In conclusion, we have developed and analyzed a novel spatial mathematical model that frames corruption as a pathogenic social strategy within a resource-competition ecosystem [1,8]. By incorporating renewable resource dynamics, resource-dependent transmission, predator-prey enforcement, and spatial connectivity through migration, the model captures key mechanisms underlying corruption persistence in interconnected populations [4,13]. The rigorous mathematical analysis of positivity, boundedness, synchronization, stability thresholds, critical migration rates, and bifurcation behavior provides not only theoretical insights into the spatial dynamics of corruption but also a practical tool for evaluating intervention strategies in connected regions [27,28,29]. The surprising result that symmetric migration does not alter the invasion threshold simplifies policy analysis, indicating that efforts should focus on improving local fundamentals rather than controlling connectivity.
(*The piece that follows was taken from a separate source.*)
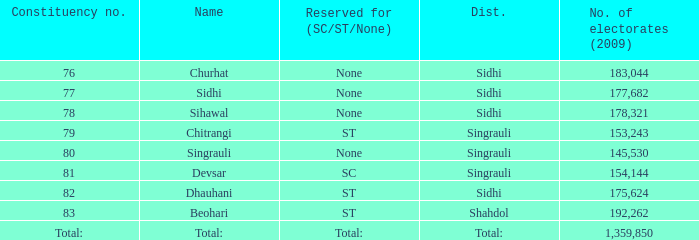What is Beohari's highest number of electorates? 192262.0. Could you parse the entire table as a dict? {'header': ['Constituency no.', 'Name', 'Reserved for (SC/ST/None)', 'Dist.', 'No. of electorates (2009)'], 'rows': [['76', 'Churhat', 'None', 'Sidhi', '183,044'], ['77', 'Sidhi', 'None', 'Sidhi', '177,682'], ['78', 'Sihawal', 'None', 'Sidhi', '178,321'], ['79', 'Chitrangi', 'ST', 'Singrauli', '153,243'], ['80', 'Singrauli', 'None', 'Singrauli', '145,530'], ['81', 'Devsar', 'SC', 'Singrauli', '154,144'], ['82', 'Dhauhani', 'ST', 'Sidhi', '175,624'], ['83', 'Beohari', 'ST', 'Shahdol', '192,262'], ['Total:', 'Total:', 'Total:', 'Total:', '1,359,850']]}

The forward bifurcation result is particularly encouraging for international cooperation, suggesting that persistent efforts to reduce patch-specific reproduction numbers below unity will eventually eliminate corruption throughout a connected system, without hysteresis or lock-in effects [9,10]. By identifying the key parameters that influence corruption dynamics in space, this work offers a quantitative, evidence-based roadmap for the global fight against corruption. The model demonstrates that effective anti-corruption policy must address both local structural incentives and the challenges of spatial connectivity [11,12]. In an increasingly interconnected world, the spillover effects revealed by our analysis highlight the need for coordinated international action, as corruption in one region can undermine stability in neighboring regions, making corruption a transnational challenge requiring cooperative solutions [7,15].